Chaos Theory (film)

Chaos Theory

Promotional poster
Directed by Marcos Siega
Produced by Barbara Kelly
Frederic Golchan
Erica Westheimer
Written by Daniel Taplitz
Kathy Gori
Starring Ryan Reynolds
Stuart Townsend
Emily Mortimer
Sarah Chalke
Mike Erwin
Music by Gilad Benamram
Cinematography Ramsey Nickell
Edited by Nicholas Erasmus
Production
company
Castle Rock Entertainment
Lone Star Film Group
Distributed by Warner Bros. Pictures
Release date
  • April 11, 2008 (2008-04-11)
Running time
87 minutes
Country United States
Language English

Chaos Theory is a 2008 comedy-drama film starring Ryan Reynolds, Emily Mortimer, and Stuart Townsend. The film was directed by Marcos Siega, written by Daniel Taplitz and Kathy Gori, and was shot in Vancouver, British Columbia, Canada.

Plot

Frank Allen (Ryan Reynolds) is a professional speaker who lectures on time management. He lives by example: perfectly maximizing his efficiency through scheduling and planning his own life down to the minute. One day when his wife Susan (Emily Mortimer) decides to set the alarm clock back 10 minutes, in hopes of giving her husband an extra ten minutes of time in the morning, she accomplishes the exact opposite. From missing the ferry to arriving late to his lecture on time management, Frank experiences an off day. While driving home, he sees a pregnant woman needing help getting to the hospital and he decides to offer the stranger a lift. At the hospital, Frank is asked to fill out some paper work. Not thinking much about his situation, he puts his own information down and the nurses at the hospital misunderstand and assume he is the father.

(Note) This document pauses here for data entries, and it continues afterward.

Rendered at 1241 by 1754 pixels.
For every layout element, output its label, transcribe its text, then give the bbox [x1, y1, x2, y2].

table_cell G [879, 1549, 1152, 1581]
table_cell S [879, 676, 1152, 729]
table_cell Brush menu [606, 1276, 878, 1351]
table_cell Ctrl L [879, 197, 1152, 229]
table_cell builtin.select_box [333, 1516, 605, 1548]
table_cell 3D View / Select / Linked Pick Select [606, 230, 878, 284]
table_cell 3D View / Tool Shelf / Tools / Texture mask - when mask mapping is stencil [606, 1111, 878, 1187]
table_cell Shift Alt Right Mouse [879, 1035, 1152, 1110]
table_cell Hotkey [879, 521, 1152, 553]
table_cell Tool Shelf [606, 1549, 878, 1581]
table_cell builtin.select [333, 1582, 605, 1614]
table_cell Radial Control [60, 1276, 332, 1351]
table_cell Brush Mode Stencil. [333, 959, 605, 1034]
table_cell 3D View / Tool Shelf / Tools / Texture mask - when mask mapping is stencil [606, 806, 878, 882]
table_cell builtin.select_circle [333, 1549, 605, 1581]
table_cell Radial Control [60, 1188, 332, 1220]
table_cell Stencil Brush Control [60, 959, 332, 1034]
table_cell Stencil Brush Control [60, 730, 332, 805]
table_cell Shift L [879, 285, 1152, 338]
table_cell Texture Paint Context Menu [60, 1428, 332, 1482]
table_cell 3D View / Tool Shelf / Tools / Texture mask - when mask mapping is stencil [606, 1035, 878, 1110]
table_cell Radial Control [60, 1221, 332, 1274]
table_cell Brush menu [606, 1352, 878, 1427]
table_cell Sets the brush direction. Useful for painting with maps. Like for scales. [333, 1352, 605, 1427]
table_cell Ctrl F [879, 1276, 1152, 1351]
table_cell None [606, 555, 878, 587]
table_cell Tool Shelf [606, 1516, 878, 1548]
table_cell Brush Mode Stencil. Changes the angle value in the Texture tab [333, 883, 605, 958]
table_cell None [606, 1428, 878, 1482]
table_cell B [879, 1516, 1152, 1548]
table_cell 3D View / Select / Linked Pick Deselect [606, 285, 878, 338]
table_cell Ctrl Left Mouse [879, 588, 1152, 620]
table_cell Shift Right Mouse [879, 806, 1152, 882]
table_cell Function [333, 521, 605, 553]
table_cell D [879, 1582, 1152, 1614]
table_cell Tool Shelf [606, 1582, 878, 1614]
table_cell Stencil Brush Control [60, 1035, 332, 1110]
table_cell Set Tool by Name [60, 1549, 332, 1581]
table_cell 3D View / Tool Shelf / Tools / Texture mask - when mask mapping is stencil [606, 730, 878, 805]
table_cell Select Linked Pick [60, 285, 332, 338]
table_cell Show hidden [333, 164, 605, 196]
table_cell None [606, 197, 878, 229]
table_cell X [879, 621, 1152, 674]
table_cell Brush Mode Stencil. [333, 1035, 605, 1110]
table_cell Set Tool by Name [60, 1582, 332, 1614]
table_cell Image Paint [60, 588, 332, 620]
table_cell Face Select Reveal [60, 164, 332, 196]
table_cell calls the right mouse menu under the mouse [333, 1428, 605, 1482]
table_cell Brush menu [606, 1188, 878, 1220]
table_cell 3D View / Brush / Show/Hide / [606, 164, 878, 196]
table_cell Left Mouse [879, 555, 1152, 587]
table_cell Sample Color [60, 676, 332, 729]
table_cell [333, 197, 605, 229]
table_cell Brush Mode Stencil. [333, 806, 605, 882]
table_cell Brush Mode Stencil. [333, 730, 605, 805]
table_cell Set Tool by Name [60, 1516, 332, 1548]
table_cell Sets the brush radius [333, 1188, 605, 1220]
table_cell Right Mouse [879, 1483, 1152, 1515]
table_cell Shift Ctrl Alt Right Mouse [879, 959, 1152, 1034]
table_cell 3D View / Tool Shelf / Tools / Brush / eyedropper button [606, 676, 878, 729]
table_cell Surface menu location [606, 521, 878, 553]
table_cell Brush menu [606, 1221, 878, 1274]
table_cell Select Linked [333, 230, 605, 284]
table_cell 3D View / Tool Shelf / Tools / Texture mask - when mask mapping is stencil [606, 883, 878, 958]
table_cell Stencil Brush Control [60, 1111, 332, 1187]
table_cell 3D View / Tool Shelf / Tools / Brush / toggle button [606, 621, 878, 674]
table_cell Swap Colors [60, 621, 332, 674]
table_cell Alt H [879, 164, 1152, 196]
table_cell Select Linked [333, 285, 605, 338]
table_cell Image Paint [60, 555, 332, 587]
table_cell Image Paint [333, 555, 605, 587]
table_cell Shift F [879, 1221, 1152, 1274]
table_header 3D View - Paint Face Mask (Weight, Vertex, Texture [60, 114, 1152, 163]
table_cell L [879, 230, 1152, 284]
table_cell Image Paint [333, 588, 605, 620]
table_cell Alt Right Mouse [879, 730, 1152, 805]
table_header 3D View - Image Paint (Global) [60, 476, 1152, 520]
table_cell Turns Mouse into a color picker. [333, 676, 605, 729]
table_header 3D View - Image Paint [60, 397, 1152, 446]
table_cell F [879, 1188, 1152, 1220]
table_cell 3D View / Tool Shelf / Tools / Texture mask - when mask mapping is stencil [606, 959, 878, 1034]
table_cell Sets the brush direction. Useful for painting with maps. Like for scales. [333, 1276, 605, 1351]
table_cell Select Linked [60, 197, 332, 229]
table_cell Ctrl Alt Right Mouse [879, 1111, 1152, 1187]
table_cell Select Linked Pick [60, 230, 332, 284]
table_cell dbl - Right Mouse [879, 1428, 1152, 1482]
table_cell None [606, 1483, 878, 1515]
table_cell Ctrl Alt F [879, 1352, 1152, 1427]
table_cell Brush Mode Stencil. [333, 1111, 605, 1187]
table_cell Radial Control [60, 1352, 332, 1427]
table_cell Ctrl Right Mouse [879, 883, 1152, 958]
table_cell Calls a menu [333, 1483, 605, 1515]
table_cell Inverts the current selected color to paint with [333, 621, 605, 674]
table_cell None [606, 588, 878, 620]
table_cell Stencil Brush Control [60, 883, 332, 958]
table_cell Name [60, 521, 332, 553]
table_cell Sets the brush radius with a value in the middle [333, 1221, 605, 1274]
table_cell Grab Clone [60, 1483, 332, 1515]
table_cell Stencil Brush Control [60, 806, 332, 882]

The following morning, before Frank arrives home, a nurse from the hospital calls attempting to reach him and his wife answers the phone. The nurse, in trying to contact who she thought was the father, leads Susan to believe it is Frank's baby and she presupposes he is cheating on her and leading a double life. When Frank arrives home, he is unable to clear up the misunderstanding and Susan throws him out of the house. Susan even refuses to speak to him, and only allows him to see their daughter after school. In an attempt to prove his fidelity to his wife by demonstrating that it is not his baby, Frank sees a doctor for a paternity test, but receives the diagnosis that he was never able to reproduce to begin with, since he has Klinefelter's syndrome.

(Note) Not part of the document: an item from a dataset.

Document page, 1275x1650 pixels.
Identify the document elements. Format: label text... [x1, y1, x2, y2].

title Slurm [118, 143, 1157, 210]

A few days later, the stranger brings her baby to the Allens' house in hopes of thanking Frank for his kindness, only to find his wife at home. After the stranger introduces herself and her baby to Susan, she clears up the misunderstanding, but the damage is done since Frank now knows that their daughter is not really his. The tides change dramatically as Frank realizes that he was the one in the relationship who was faithful, and goes through a withdrawal as he tries to comprehend how his daughter could not be his and how wrong his life turned out when he believed that he has always stayed straight and narrow.

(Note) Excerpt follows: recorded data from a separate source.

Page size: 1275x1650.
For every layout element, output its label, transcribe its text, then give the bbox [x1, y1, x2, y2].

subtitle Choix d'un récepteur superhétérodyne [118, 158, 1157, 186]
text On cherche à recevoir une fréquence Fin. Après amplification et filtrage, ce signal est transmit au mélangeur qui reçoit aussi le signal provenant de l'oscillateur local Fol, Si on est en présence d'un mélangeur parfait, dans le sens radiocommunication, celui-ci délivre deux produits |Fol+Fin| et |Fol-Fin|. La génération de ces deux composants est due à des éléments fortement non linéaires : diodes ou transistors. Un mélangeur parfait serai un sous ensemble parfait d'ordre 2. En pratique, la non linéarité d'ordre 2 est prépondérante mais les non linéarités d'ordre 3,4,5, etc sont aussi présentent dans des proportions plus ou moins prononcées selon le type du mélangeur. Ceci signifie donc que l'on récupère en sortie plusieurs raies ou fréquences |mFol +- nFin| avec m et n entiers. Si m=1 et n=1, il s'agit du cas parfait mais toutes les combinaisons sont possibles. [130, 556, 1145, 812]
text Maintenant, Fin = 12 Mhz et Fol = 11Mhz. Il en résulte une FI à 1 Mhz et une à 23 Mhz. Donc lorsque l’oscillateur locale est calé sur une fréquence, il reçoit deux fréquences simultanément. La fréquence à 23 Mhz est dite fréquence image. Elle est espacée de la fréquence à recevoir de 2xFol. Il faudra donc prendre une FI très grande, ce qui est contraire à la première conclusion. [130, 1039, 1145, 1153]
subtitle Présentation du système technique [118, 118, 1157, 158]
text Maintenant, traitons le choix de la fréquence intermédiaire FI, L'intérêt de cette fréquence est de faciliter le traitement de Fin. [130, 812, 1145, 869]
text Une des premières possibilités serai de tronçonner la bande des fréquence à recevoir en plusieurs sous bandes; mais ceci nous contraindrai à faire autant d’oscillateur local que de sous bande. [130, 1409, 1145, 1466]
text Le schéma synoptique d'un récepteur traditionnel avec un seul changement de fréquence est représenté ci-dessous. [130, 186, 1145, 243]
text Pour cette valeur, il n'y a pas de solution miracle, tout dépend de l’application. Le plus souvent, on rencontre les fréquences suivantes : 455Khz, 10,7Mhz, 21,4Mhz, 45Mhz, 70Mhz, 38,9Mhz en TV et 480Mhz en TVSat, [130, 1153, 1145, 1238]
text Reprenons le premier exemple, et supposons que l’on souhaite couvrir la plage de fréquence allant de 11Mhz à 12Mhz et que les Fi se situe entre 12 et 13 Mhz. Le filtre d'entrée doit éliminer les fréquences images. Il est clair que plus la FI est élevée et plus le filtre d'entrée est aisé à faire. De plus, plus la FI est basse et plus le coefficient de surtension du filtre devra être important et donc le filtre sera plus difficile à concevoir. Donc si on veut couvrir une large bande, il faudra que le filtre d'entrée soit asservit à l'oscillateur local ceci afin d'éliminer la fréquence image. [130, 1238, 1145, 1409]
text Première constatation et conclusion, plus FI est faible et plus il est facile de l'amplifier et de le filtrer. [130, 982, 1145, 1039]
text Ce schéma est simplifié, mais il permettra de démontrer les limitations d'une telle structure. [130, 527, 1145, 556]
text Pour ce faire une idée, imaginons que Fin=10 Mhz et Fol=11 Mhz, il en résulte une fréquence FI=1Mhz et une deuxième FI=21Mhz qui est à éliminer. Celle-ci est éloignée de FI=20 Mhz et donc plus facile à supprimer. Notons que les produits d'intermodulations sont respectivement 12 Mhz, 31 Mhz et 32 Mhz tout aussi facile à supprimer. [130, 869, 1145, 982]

After giving a life-changing speech about living on whim at his own time management lecture, he decides to live his life based on chance from that moment on. He starts his reformed outlook on life with the simple idea of possibility and randomness by making his decision based on shuffling three index cards with written options and choosing one at chance. Through his journey, he learns more about love, friendship, faith, hope and life than he ever imagined.

Cast

Reception

Chaos Theory received generally negative reviews from critics on Rotten Tomatoes and Metacritic. As of October 10, 2016, the review aggregator Rotten Tomatoes reported that 30% of critics gave the film positive reviews, based on 58 reviews. The critical consensus reads: "Ryan Reynolds and Emily Mortimer do what they can, but ultimately Chaos Theory is an overly conventional dramedy."[1] Metacritic reported the film had an average score of 44 out of 100, based on 18 reviews as of August 2009.[2]

Home media

The DVD was released on June 17, 2008 in the US.